初回は「サラリーマンってどう働いてるの?」です。学校を卒業してそのまま就農された方など、会社勤めの経験がない方の中には、会社がどのように運営されているか、サラリーマンがどのように働いているか、見当もつかないという方がいらっしゃるのではないでしょうか。そんな皆さんのお役に立てそうな本を2冊紹介します。経営改善のヒントになるばかりでなく、企業勤務経験のある従業員や、取引先のことをより深く理解できるようにもなります。ぜひ参考にしてみてください。

「会社の教科書」で、サラリーマン1年目を追体験しよう

新卒で企業に入社すると、新人研修があります。会社のことや社会人マナー、業務に必要な基礎知識などについて教育を受けます。研修が終わって部署に配属されると、数年のあいだはみっちり、仕事のイロハについて上司や先輩から学びます。

農業者と接していると、このサラリーマン経験がないことを引け目に感じていらっしゃる方が多いことに気付かされます。今さら人に聞けないという話なのですが、それなら自力で学ぶしかありません。そんなサラリーマン1~2年目を追体験するのにもってこいなのが本書です。

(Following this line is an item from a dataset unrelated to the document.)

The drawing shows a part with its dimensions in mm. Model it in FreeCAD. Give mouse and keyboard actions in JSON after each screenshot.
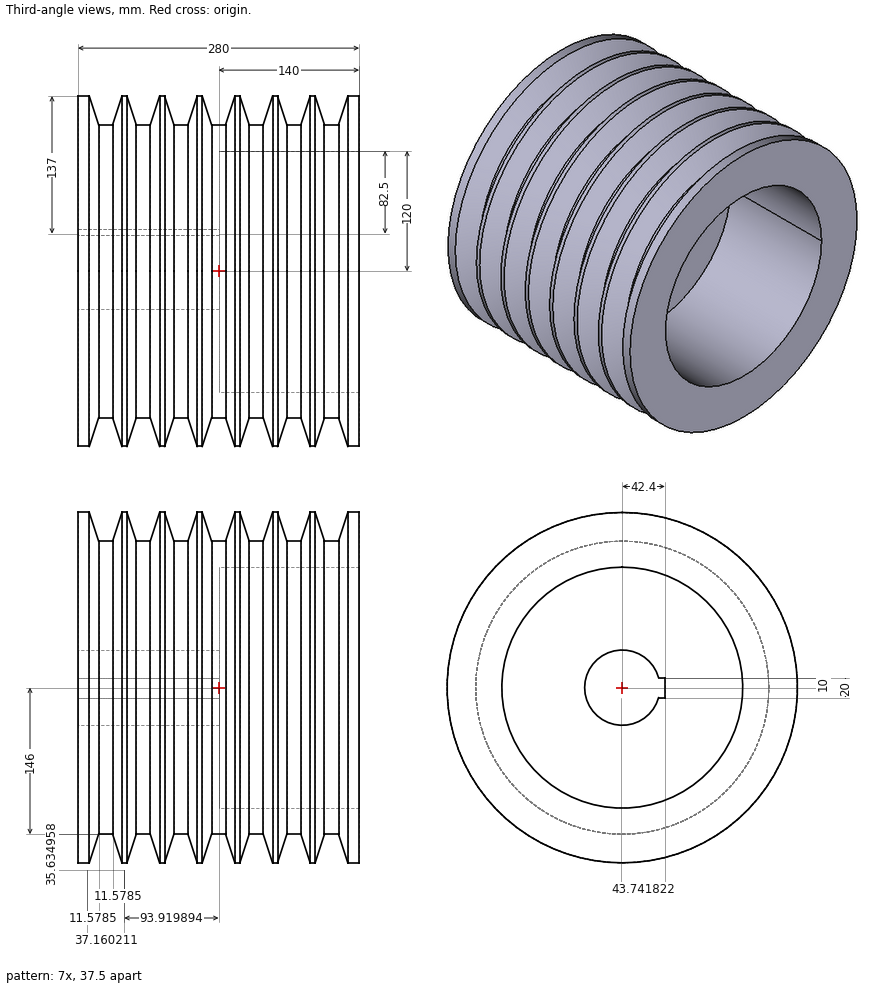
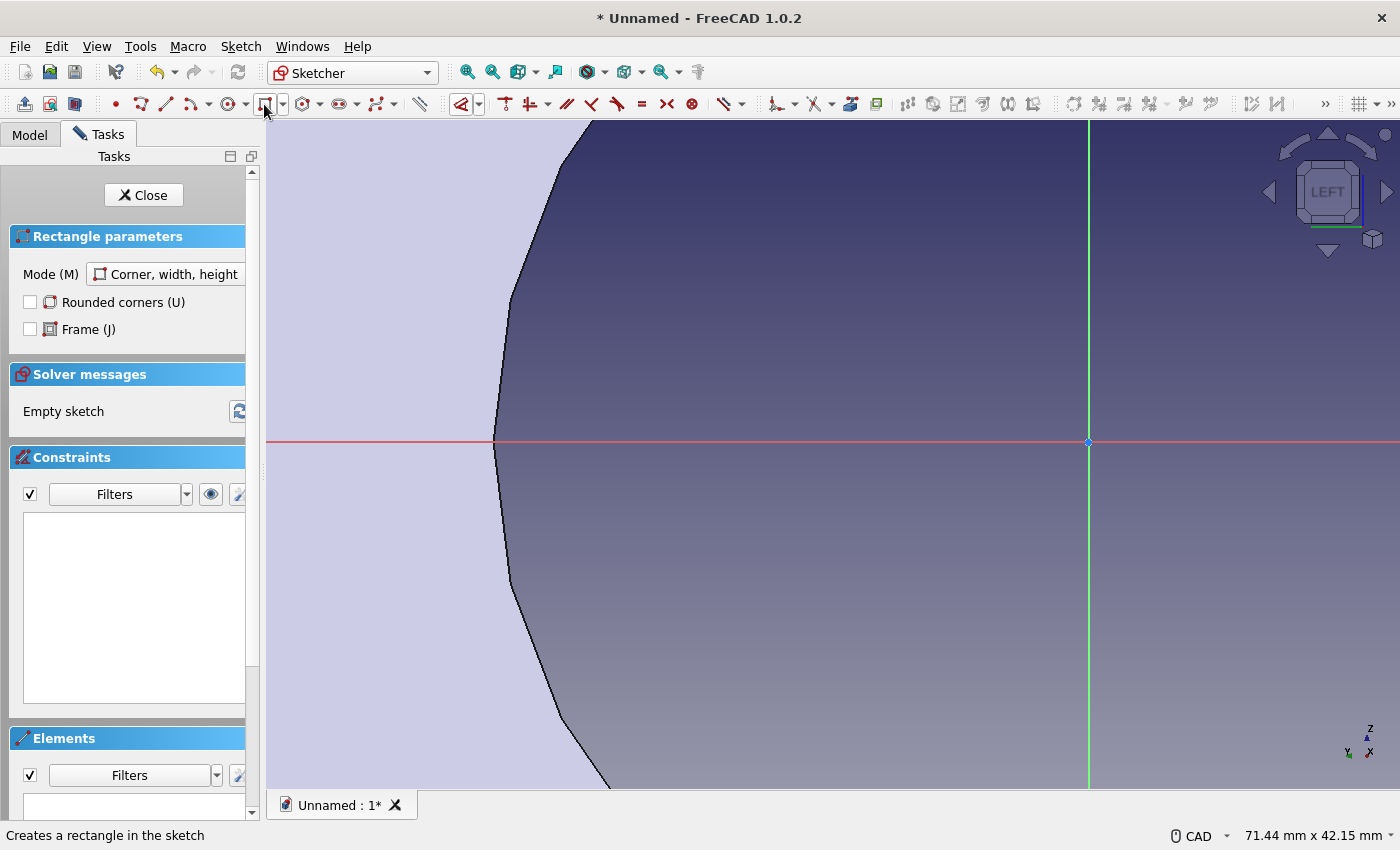
{"action": "left_click", "coordinate": [416, 283]}
{"action": "left_click", "coordinate": [1110, 601]}
{"action": "key", "text": "Escape"}
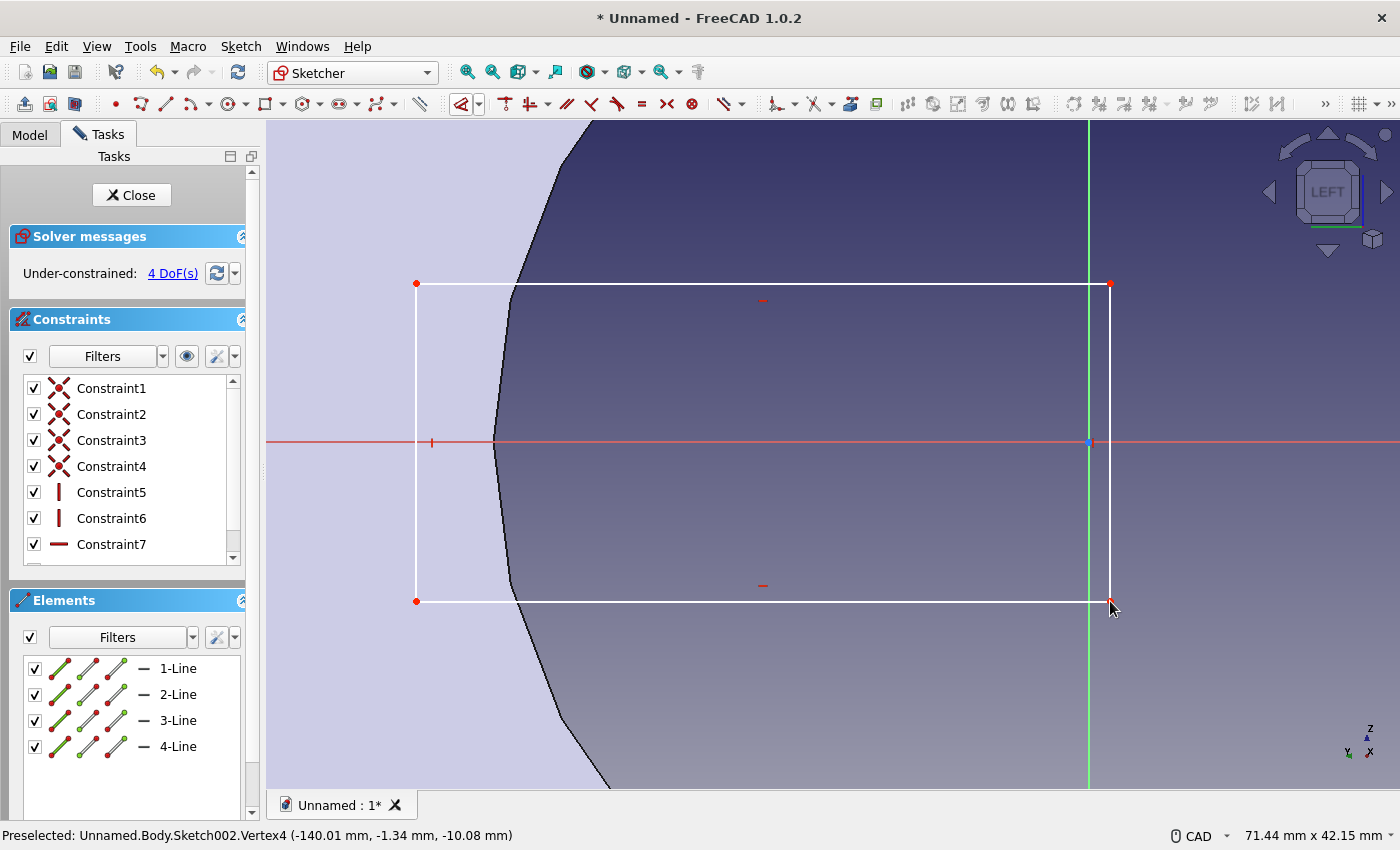
{"action": "left_click", "coordinate": [416, 379]}

この本を通してまず学んでいただきたいことは、ビジネスマナーを始めとする会社(社会)のルールです。あいさつ、つきあい、身だしなみから、敬語やメール、来客応対まで網羅されていますので、自信がないところから読んでみてください。名刺交換や電話応対ひとつとっても、わからずに怖気(おじけ)づいてしまうと、損をするのは本人です。小さな工夫や配慮が仕事の価値を高めてくれるということは、本書のまえがきにも書いてあるとおりです。

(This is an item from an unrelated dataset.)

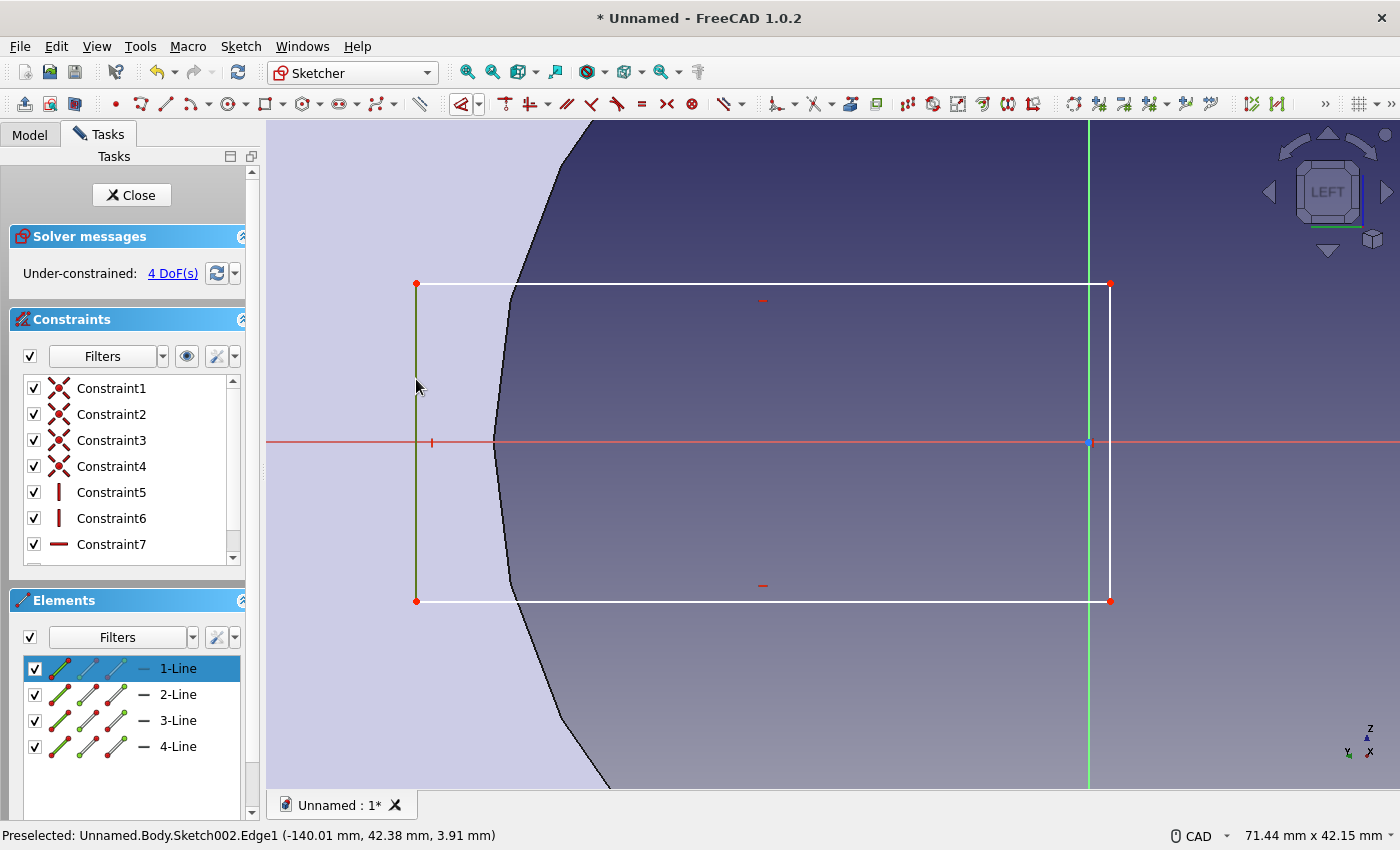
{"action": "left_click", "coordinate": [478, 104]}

また、自分に合った働き方を見つけるのも、社会人1~2年目の大切な通過儀礼であり、本書から学んでいただきたいことです。スケジュール管理、ミスや失敗への対応、整理整頓など、我流でいい加減になってしまいがちなことばかりです。

他にも、お金の使い方などプライベートに関わることや、キャリアアップや転職・退職についても触れられています。どうでしょうか。サラリーマンになった想像をしてみて、今の自分に足りないものを探してみてください。

著者:matsu
出版:フォレスト出版

「あなたが上司から求められているシンプルな50のこと」で、上司部下の極意を学ぼう

農園などでも、従業員やパートさんとの関係に悩むことはあるのではないでしょうか。日々の業務コミュニケーションから中長期的なキャリア形成まで、それぞれの個性や事情も考慮に入れると、考えるべきことは尽きません。会社ではどのように、経営者と従業員、上司と部下、先輩と後輩で良好な関係を築いているのでしょうか。そんな上下関係の神髄がまとまっているのが本書で、上司が部下に期待していることが数多く紹介されています。挙げられているトピックは例えば以下のようなものです。

  • 聞かれる前に状況を知らせてほしい
  • 目を見て語尾までハッキリ話してほしい
  • 一度で済むようにしてほしい
  • ただ伝えるだけでなく、自分の意見を加えてほしい
  • 現状に満足せず、もっと欲を出してほしい

従業員や部下を持ったことがあるなら、誰しもうなずいてしまう言葉ですよね。こんな調子で、言葉にしたくてもなかなかできなかったことが50も書いてあります。読んでみたら、まずは自省してみてください。自分でもできていないことに心当たりがあるはずです。次に、従業員や部下、後輩に大切にしてもらいたいことは何か、改めて考えてみてください。何を意識してほしいか話し合えば、相互理解で仕事もスムーズになります。特にこだわりたいものは、農園の行動規範や心得として明文化してもいいかもしれません。

本書は4章に分かれています。「報連相(1章)」→「大人力(2章)」→「仕事力(3章)」→「成長力(4章)」の流れに沿って、信頼関係の構築からはじまり、気の利いた仕事のできる社員になり、みずから成長して事業を牽引(けんいん)するエースになります。本書を社内で回し読みしてみてください。お互いの認識の違いに気づくことができれば、改善はもう目の前です。

ちなみに本書には姉妹書があって、その名も「あなたが部下から求められているシリアスな50のこと」です。こちらもオススメです。